Empirical Likelihood in Nonignorable Covariate-Missing Data Problems.

Missing covariate data occurs often in regression analysis, which frequently arises in the health and social sciences as well as in survey sampling. We study methods for the analysis of a nonignorable covariate-missing data problem in an assumed conditional mean function when some covariates are completely observed but other covariates are missing for some subjects. We adopt the semiparametric perspective of Bartlett et al. (Improving upon the efficiency of complete case analysis when covariates are MNAR. Biostatistics 2014;15:719-30) on regression analyses with nonignorable missing covariates, in which they have introduced the use of two working models, the working probability model of missingness and the working conditional score model.

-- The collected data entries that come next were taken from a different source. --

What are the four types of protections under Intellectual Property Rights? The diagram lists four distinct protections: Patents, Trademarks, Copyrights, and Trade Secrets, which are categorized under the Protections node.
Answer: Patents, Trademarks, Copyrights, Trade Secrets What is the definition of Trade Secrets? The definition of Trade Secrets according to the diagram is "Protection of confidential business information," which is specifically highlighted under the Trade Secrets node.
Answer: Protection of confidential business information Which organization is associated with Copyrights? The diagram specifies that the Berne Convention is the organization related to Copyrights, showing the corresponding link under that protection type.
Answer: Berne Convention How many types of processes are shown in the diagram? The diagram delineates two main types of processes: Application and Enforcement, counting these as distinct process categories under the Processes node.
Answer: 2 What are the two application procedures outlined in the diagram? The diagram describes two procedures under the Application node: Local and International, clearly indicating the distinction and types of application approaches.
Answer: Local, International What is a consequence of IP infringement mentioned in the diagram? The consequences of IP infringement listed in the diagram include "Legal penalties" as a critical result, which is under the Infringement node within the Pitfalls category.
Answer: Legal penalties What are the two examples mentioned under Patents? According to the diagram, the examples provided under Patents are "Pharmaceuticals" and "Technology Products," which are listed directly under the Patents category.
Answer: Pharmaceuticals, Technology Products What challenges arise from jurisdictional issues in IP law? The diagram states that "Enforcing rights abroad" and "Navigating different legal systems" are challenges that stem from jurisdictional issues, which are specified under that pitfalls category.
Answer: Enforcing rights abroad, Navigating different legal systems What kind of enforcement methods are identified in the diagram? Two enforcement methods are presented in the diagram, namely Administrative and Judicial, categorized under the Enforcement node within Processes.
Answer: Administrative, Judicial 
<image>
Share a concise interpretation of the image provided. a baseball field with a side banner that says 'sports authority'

In this paper, we study an empirical likelihood approach to nonignorable covariate-missing data problems with the objective of effectively utilizing the two working models in the analysis of covariate-missing data. We propose a unified approach to constructing a system of unbiased estimating equations, where there are more equations than unknown parameters of interest. One useful feature of these unbiased estimating equations is that they naturally incorporate the incomplete data into the data analysis, making it possible to seek efficient estimation of the parameter of interest even when the working regression function is not specified to be the optimal regression function. We apply the general methodology of empirical likelihood to optimally combine these unbiased estimating equations. We propose three maximum empirical likelihood estimators of the underlying regression parameters and compare their efficiencies with other existing competitors. We present a simulation study to compare the finite-sample performance of various methods with respect to bias, efficiency, and robustness to model misspecification. The proposed empirical likelihood method is also illustrated by an analysis of a data set from the US National Health and Nutrition Examination Survey (NHANES).